Una suave vibración en su oído derecho le confirmó que Martin Faber, el responsable de la operación, cuidaba de él desde la furgoneta Lada que habían aparcado doscientos metros más allá. Martin había desembarcado en Ereván una semana antes para prepararlo todo. Llegó con un pliego de instrucciones muy preciso bajo el brazo y una impecable reputación como «computadora humana». No es que a Allen esa clase de perfiles le impactaran -él prefería los hombres de acción a los teóricos-, pero al menos sabía que no lo iba a dejar tirado.

– Todo bien. La catedral está vacía -respondió.

– Excelente. El satélite te recibe nítido. Los sensores térmicos te ubican junto al altar mayor. ¿Es correcto?

– Correcto.

– Por el color que desprendes en la termopantalla diría que pareces nervioso.

Su tono sonó jocoso.

– Maldita sea -farfulló Allen-. Estoy acalorado y este lugar es una nevera. No son los nervios… ¡Voy a pillar una jodida pulmonía en pleno mes de agosto!

– Vale, vale. El Ojo del Cielo confirma que el campo está despejado.

– Además -añadió a destiempo-, ¡no me gustan las iglesias!

Allen trató de silenciar sus pasos mientras los dirigía hacia la trasera del altar. A mano derecha, después de superar el retrato del supremo patriarca Grigor Lousavorich, accedió a la estancia que buscaba: el museo episcopal.

– Debes saber -susurró Faber- que esta catedral alberga algunas de las reliquias más antiguas de la cristiandad. Es una pena que no te gusten, Nick. La Iglesia cristiana de Armenia es más antigua incluso que la romana, y custodia piezas realmente valiosas.

– No me digas…

– Ya sé que no te interesa -suspiró Faber en su inter- fono-. Pero si vas a quedarte un tiempo en este país deberías saber que sus gentes fueron las primeras en abrazar el cristianismo en el siglo IV y que su…

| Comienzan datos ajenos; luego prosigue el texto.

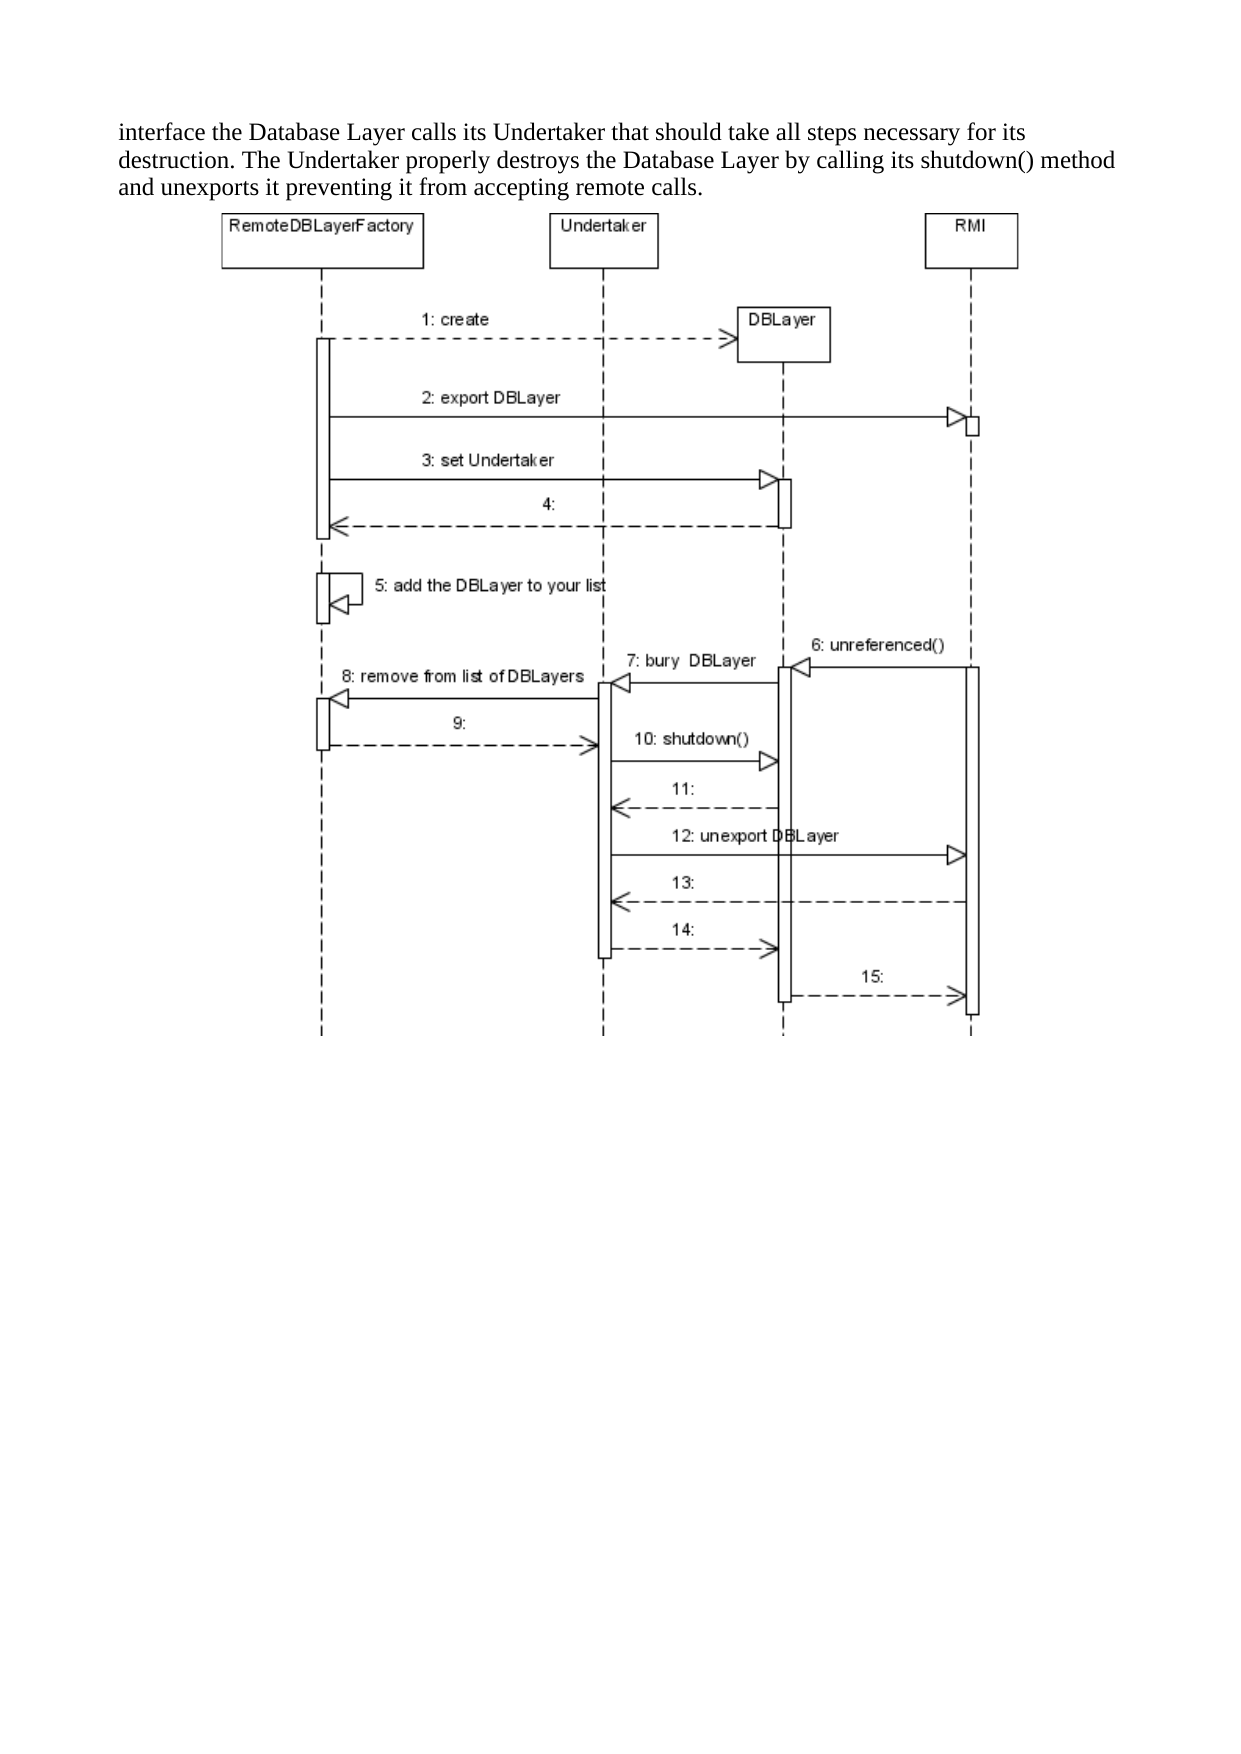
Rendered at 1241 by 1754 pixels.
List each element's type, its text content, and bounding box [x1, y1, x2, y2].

picture [221, 213, 1019, 1036]
text interface the Database Layer calls its Undertaker that should take all steps necessary for its destruction. The Undertaker properly destroys the Database Layer by calling its shutdown() method and unexports it preventing it from accepting remote calls. [118, 118, 1122, 201]
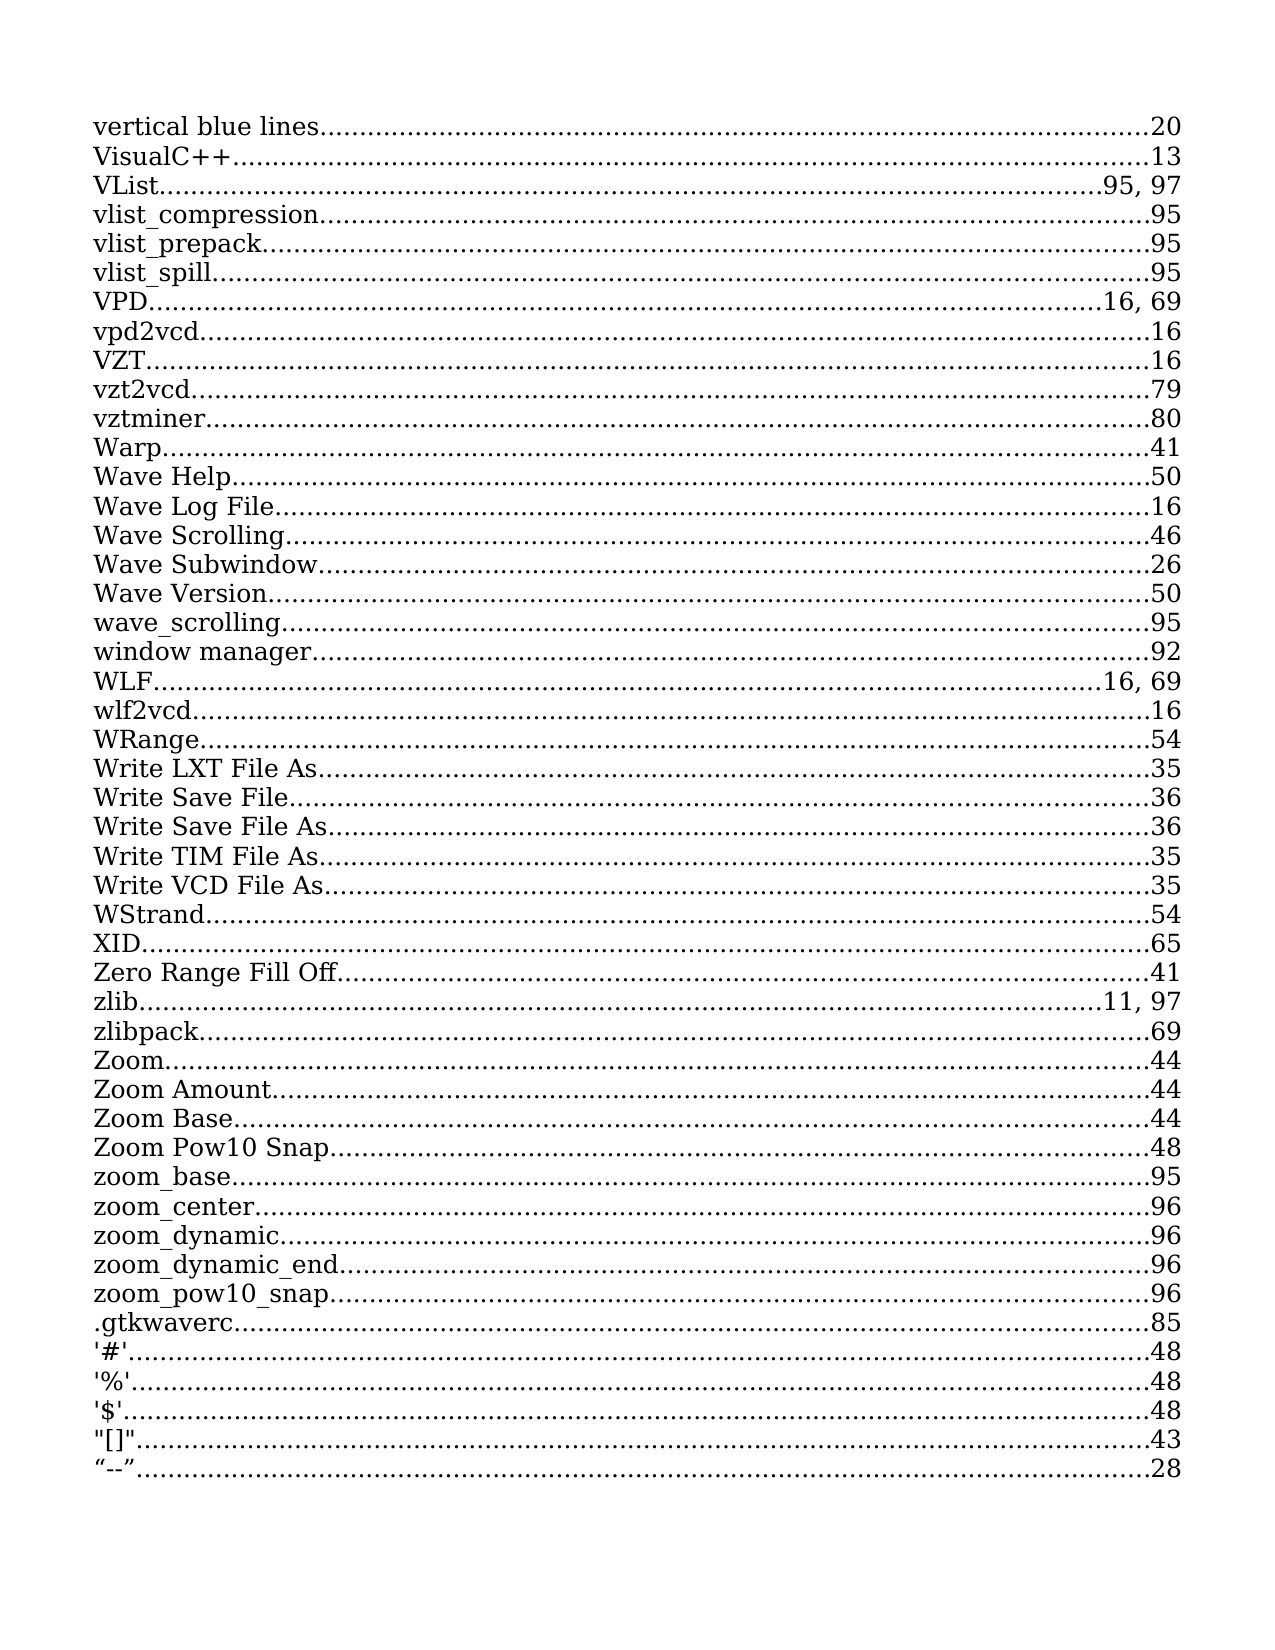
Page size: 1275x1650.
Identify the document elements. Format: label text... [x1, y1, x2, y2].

text Wave Version 50 [93, 579, 1182, 608]
text WStrand 54 [93, 900, 1182, 929]
text zoom_dynamic_end 96 [93, 1250, 1182, 1279]
text VList 95, 97 [93, 171, 1182, 200]
text vlist_compression 95 [93, 200, 1182, 229]
text Write Save File As 36 [93, 812, 1182, 842]
text Wave Subwindow 26 [93, 550, 1182, 579]
text “--” 28 [93, 1454, 1182, 1483]
text wlf2vcd 16 [93, 696, 1182, 725]
text Zoom Amount 44 [93, 1075, 1182, 1104]
text Zoom Pow10 Snap 48 [93, 1133, 1182, 1162]
text .gtkwaverc 85 [93, 1308, 1182, 1337]
text zoom_pow10_snap 96 [93, 1279, 1182, 1308]
text "[]" 43 [93, 1425, 1182, 1454]
text Wave Log File 16 [93, 492, 1182, 521]
text WLF 16, 69 [93, 667, 1182, 696]
text Zoom Base 44 [93, 1104, 1182, 1133]
text vpd2vcd 16 [93, 317, 1182, 346]
text window manager 92 [93, 637, 1182, 667]
text Zero Range Fill Off 41 [93, 958, 1182, 987]
text zoom_center 96 [93, 1192, 1182, 1221]
text Wave Scrolling 46 [93, 521, 1182, 550]
text vztminer 80 [93, 404, 1182, 433]
text vlist_prepack 95 [93, 229, 1182, 258]
text Zoom 44 [93, 1046, 1182, 1075]
text wave_scrolling 95 [93, 608, 1182, 637]
text Wave Help 50 [93, 462, 1182, 492]
text zlibpack 69 [93, 1017, 1182, 1046]
text '%' 48 [93, 1367, 1182, 1396]
text vzt2vcd 79 [93, 375, 1182, 404]
text vlist_spill 95 [93, 258, 1182, 287]
text zoom_base 95 [93, 1162, 1182, 1192]
text Write VCD File As 35 [93, 871, 1182, 900]
text Write LXT File As 35 [93, 754, 1182, 783]
text WRange 54 [93, 725, 1182, 754]
text VPD 16, 69 [93, 287, 1182, 317]
text Warp 41 [93, 433, 1182, 462]
text XID 65 [93, 929, 1182, 958]
text VisualC++ 13 [93, 142, 1182, 171]
text Write TIM File As 35 [93, 842, 1182, 871]
text VZT 16 [93, 346, 1182, 375]
text '#' 48 [93, 1337, 1182, 1367]
text vertical blue lines 20 [93, 112, 1182, 142]
text '$' 48 [93, 1396, 1182, 1425]
text zlib 11, 97 [93, 987, 1182, 1017]
text zoom_dynamic 96 [93, 1221, 1182, 1250]
text Write Save File 36 [93, 783, 1182, 812]
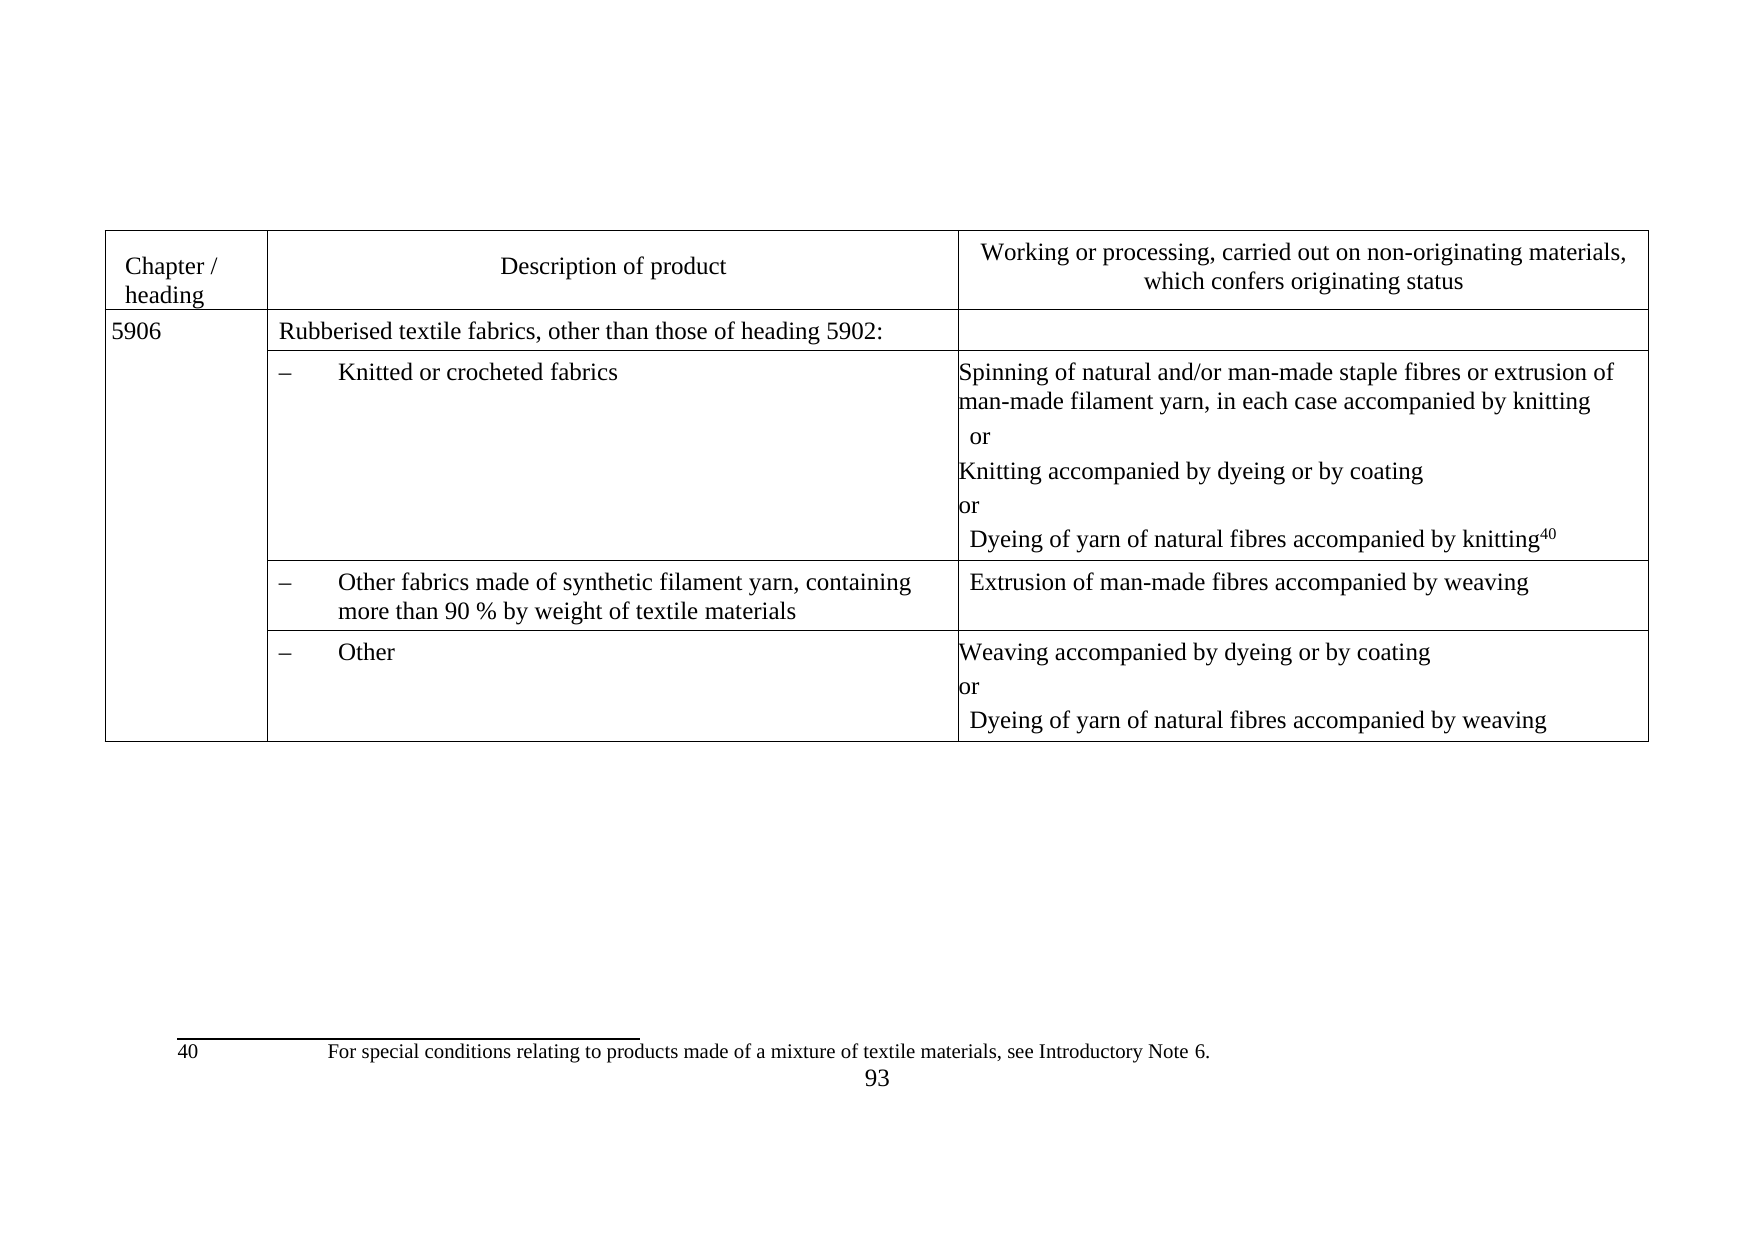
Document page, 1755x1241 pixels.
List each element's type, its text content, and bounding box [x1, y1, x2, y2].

table_header Chapter / heading [106, 231, 267, 309]
table_cell – Other [268, 631, 958, 741]
table_cell Weaving accompanied by dyeing or by coating or Dyeing of yarn of natural fibres accompanied by weaving [959, 631, 1648, 741]
table_header Description of product [268, 231, 958, 309]
table_header Working or processing, carried out on non-originating materials, which confers originating status [959, 231, 1648, 309]
table_cell Extrusion of man-made fibres accompanied by weaving [959, 561, 1648, 630]
table_cell – Other fabrics made of synthetic filament yarn, containing more than 90 % by weight of textile materials [268, 561, 958, 630]
table_cell – Knitted or crocheted fabrics [268, 351, 958, 560]
table_cell Spinning of natural and/or man-made staple fibres or extrusion of man-made filament yarn, in each case accompanied by knitting or Knitting accompanied by dyeing or by coating or Dyeing of yarn of natural fibres accompanied by knitting [959, 351, 1648, 560]
table_cell Rubberised textile fabrics, other than those of heading 5902: [268, 310, 958, 350]
table_cell 5906 [106, 310, 267, 741]
table_cell [959, 310, 1648, 350]

– ¿Podrías callarte de una vez?-chistó de repente al micrófono-. ¡Intento concentrarme, joder!

– ¿Ya has llegado?

La pregunta molestó a Allen:

– Sí. ¿No lo ves por el satélite?

Hacía veinte segundos que Martin Faber luchaba con los dos monitores que recibían las señales termográficas del KH-11 dándoles golpecitos. Aunque a esa hora la Agencia Nacional de Seguridad lo había colocado justo sobre sus cabezas y la señal debía ser excelente, ambas pantallas habían virado a blanco.

– Debemos de tener algún problema con la antena -se excusó-. No te veo.

– No importa. Si me escuchas, es más que suficiente. Esto está muy tranquilo.

– De acuerdo. Descríbeme dónde estás.

Allen obedeció.

– He accedido al museo… -comenzó a susurrar-. No parece que esta gente reciba muchas visitas. Todo es gris, viejo, feo…

Dos segundos más tarde, prosiguió:

– Ahora tengo una vitrina de cristal frente a mí. Está en el centro de la habitación. Contiene libros abiertos y monedas. A los lados veo varios… No sé cómo describirlos, como pequeños botiquines colgados de las paredes.

– Son relicarios, Nick -lo interrumpió Martin, divertido-. Dirígete a la pared de la derecha. Lo que buscamos está en el centro del muro.

– ¿Está colgado?

– Enseguida lo verás. Deberías de tenerlo ya delante.

– Delante…, en el centro… -repitió-, tengo dos de esos cofrecitos. Parecen antiguos.

– Acércate.

– Uno parece de oro. Rectangular. Del tamaño de un libro grande. Tiene un cristal engastado en la parte inferior y ángeles a su alrededor.

– Es el relicario de la Espina de Cristo -dijo Martin con una seguridad aplastante-. ¿Y el otro?